An example thermal map obtained during excimer laser ablation on MicroScan-PIC 100 Hz is shown in fig. 3, while the results of measurement of the transverse temperature profile for all the laser systems studied are presented in fig. 4.
For MicroScan-PIC 100 Hz, the average corneal temperature prior to laser exposure was 31.04 ± 0.63 °C, the maximum temperature at the end of surgery was 32.21 ± 0.68 °C, while the temperature change was 1.17 ± 0.05 °C (tab. 2). For MicroScan-Visum 300 Hz and MicroScan- Visum 500 Hz laser systems, the figures were 31.82 ± 0.87, 33.24 ± 1.21 and 1.42 ± 0.34 °C, and 31.02 ± 0.47, 34.97 ± 1.36 and 3.95 ± 0.89 °C, respectively.
DISCUSSION
Laser system MicroScan-Visum 500 Hz yielded the smoothest ablative surfaces. Although corneal heating obtained with this laser was the highest (+3.95 °C by the end of surgery), the value was within acceptable range.
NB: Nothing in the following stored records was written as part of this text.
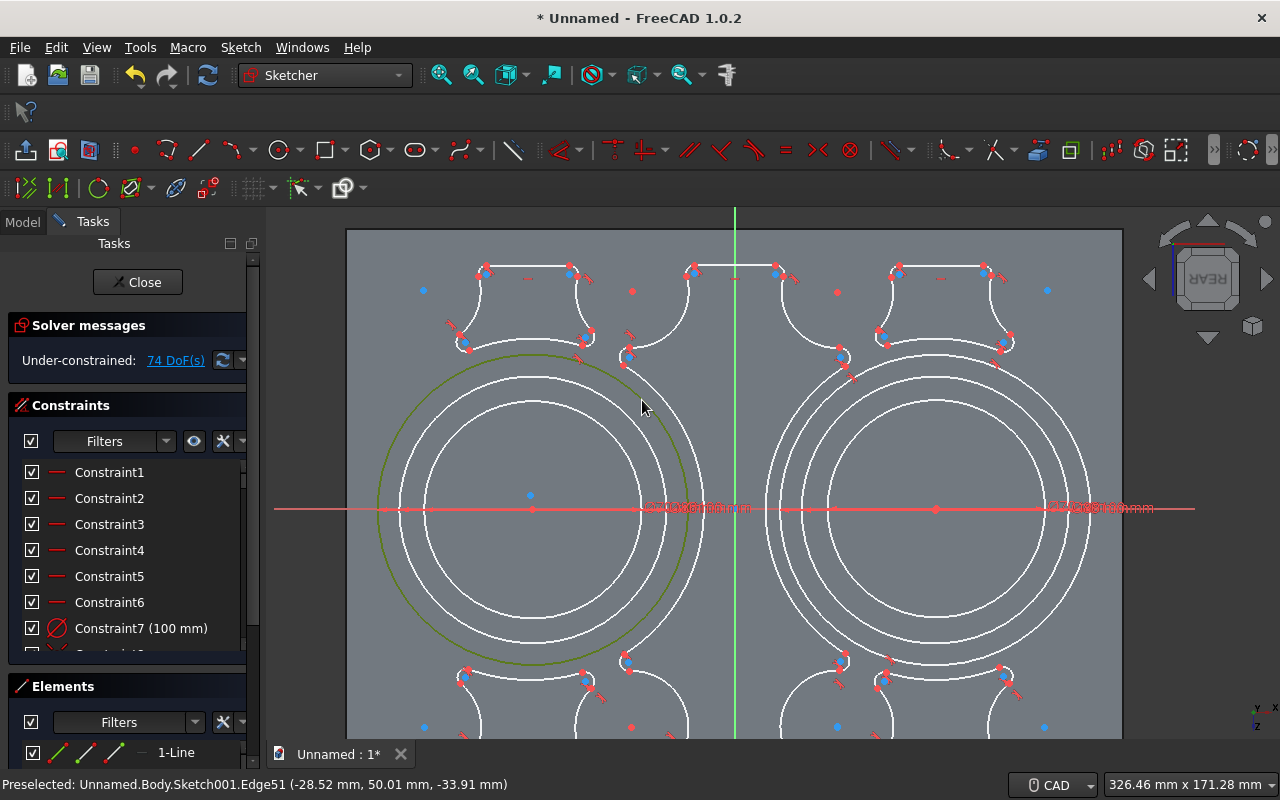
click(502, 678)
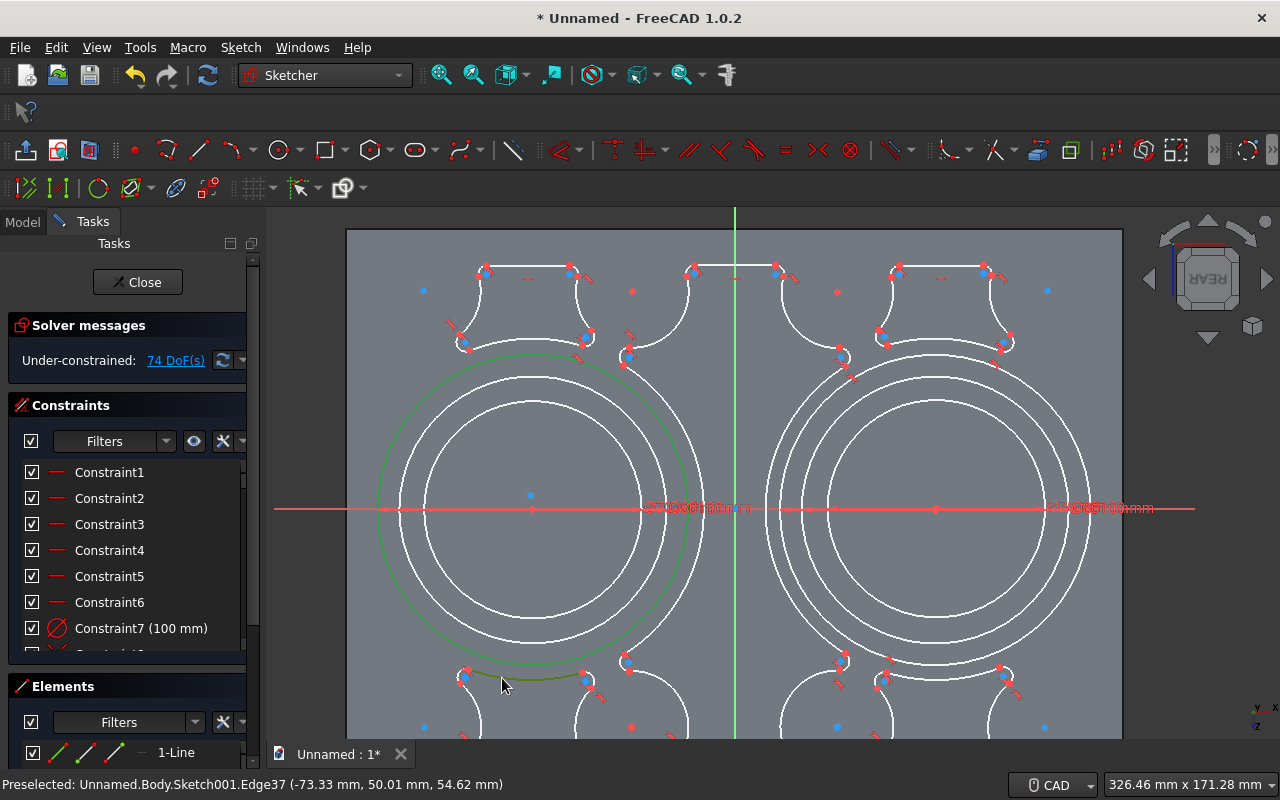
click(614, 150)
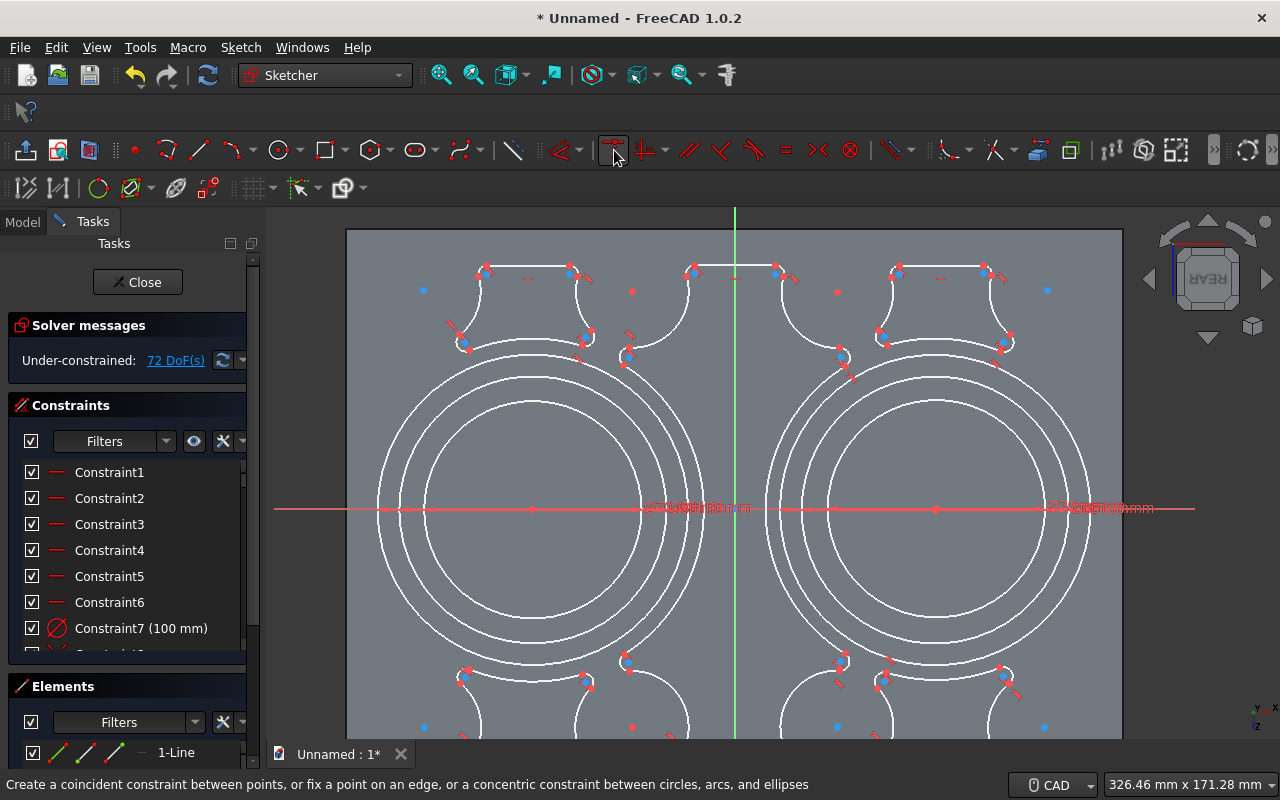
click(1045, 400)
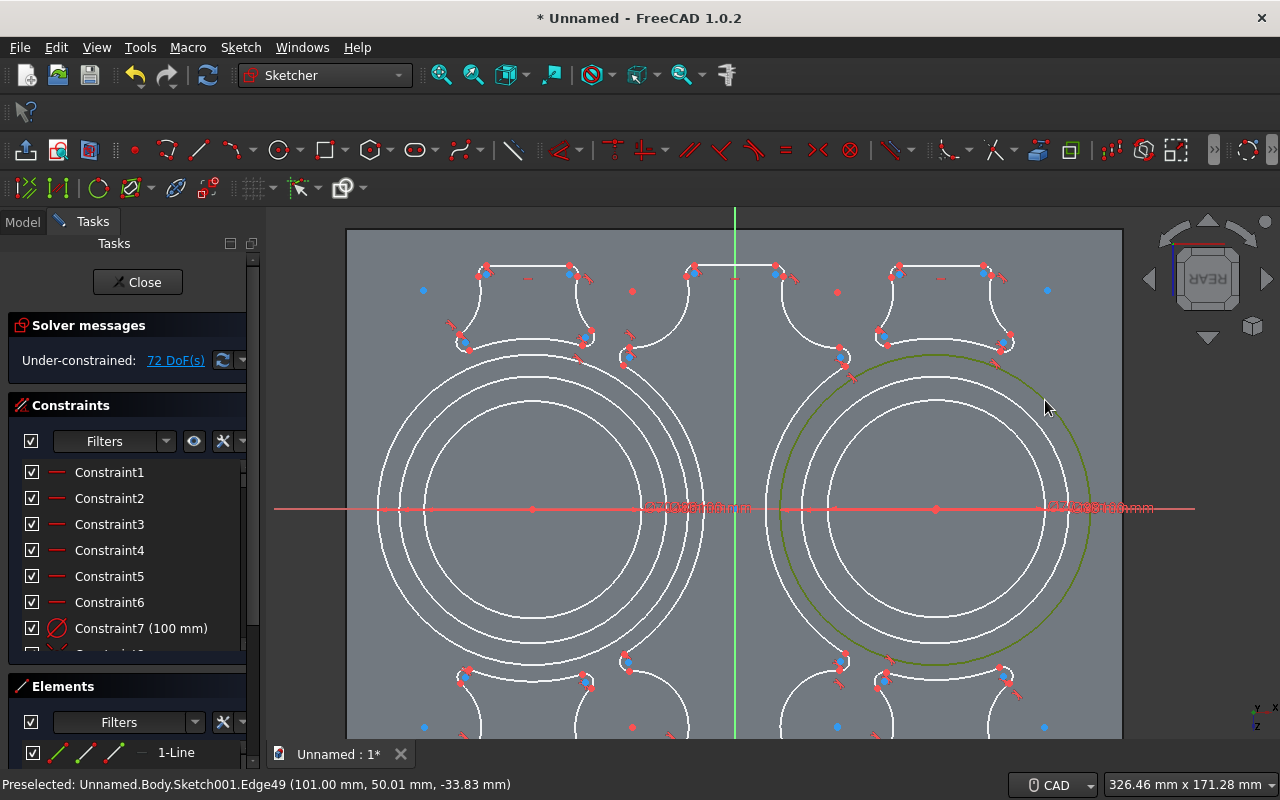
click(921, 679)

For example, during LASIK surgery for treatment of high myopia Sph –9,25D using popular laser Schwind AMARIS 500 Hz (SCHWIND eye-tech-solutions, Germany), the corneal temperature increased by 3.73 °C [21].
CONCLUSIONS
All the three laser systems studied can create a high-quality ablation surface. However, the MicroScan-Visum 500 Hz system gave the best result. The laser yielded the highest corneal heating during phototherapeutic keratectomy in rabbits, but the value did not exceed the permissible values. After the study, MicroScan-Visum 500 Hz was recommended for clinical research.